[EXTRACTED MATERIAL — start]
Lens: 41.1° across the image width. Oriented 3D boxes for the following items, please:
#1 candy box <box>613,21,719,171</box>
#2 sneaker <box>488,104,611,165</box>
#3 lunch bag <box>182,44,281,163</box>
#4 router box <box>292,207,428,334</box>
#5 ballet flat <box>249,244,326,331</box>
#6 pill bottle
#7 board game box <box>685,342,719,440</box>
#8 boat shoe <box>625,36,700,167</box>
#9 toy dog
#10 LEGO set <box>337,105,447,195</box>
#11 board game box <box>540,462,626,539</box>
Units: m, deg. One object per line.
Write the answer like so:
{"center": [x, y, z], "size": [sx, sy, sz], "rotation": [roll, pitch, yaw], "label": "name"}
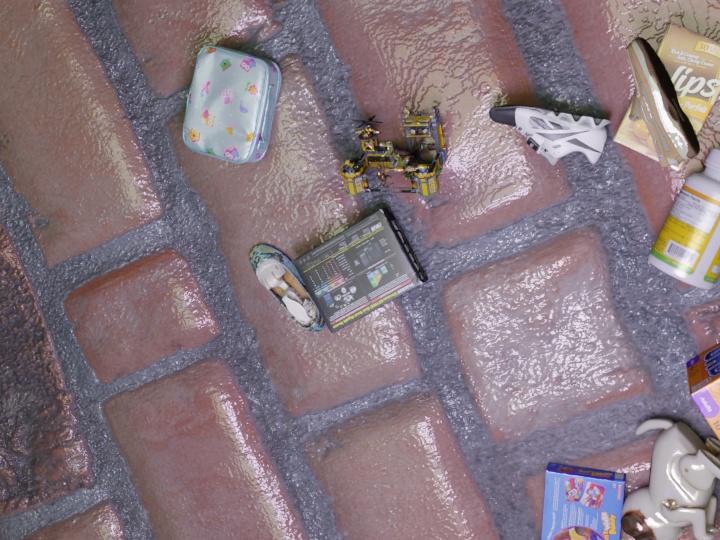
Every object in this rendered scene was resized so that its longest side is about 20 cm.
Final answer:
{"center": [0.495, -0.271, 1.507], "size": [0.115, 0.055, 0.202], "rotation": [27, 106, 14], "label": "candy box"}
{"center": [0.301, -0.220, 1.569], "size": [0.198, 0.074, 0.089], "rotation": [14, 100, 16], "label": "sneaker"}
{"center": [-0.228, -0.293, 1.729], "size": [0.159, 0.077, 0.202], "rotation": [16, 103, 14], "label": "lunch bag"}
{"center": [0.000, 0.000, 1.704], "size": [0.199, 0.062, 0.151], "rotation": [-29, 88, 18], "label": "router box"}
{"center": [-0.136, 0.031, 1.752], "size": [0.200, 0.074, 0.074], "rotation": [44, 108, 7], "label": "ballet flat"}
{"center": [0.540, -0.083, 1.492], "size": [0.110, 0.111, 0.202], "rotation": [26, 105, 13], "label": "pill bottle"}
{"center": [0.637, 0.196, 1.454], "size": [0.199, 0.200, 0.201], "rotation": [-35, 88, 19], "label": "board game box"}
{"center": [0.442, -0.253, 1.467], "size": [0.076, 0.071, 0.202], "rotation": [-24, 87, 38], "label": "boat shoe"}
{"center": [0.504, 0.361, 1.558], "size": [0.193, 0.139, 0.201], "rotation": [33, 108, 13], "label": "toy dog"}
{"center": [0.055, -0.208, 1.607], "size": [0.198, 0.154, 0.117], "rotation": [7, 128, 28], "label": "LEGO set"}
{"center": [0.382, 0.443, 1.657], "size": [0.133, 0.045, 0.202], "rotation": [5, 100, 17], "label": "board game box"}
[EXTRACTED MATERIAL — finish]
TASK DIRECTIONS:
Within the listing above, locate the line containing "#5 ballet flat <box>249,244,326,331</box>" and the line containing "Write the answer". Reproduce those two lines and all lines between them exactly, with nothing added.

ANSWER FOR THIS EXERCISE:
#5 ballet flat <box>249,244,326,331</box>
#6 pill bottle
#7 board game box <box>685,342,719,440</box>
#8 boat shoe <box>625,36,700,167</box>
#9 toy dog
#10 LEGO set <box>337,105,447,195</box>
#11 board game box <box>540,462,626,539</box>
Units: m, deg. One object per line.
Write the answer like so:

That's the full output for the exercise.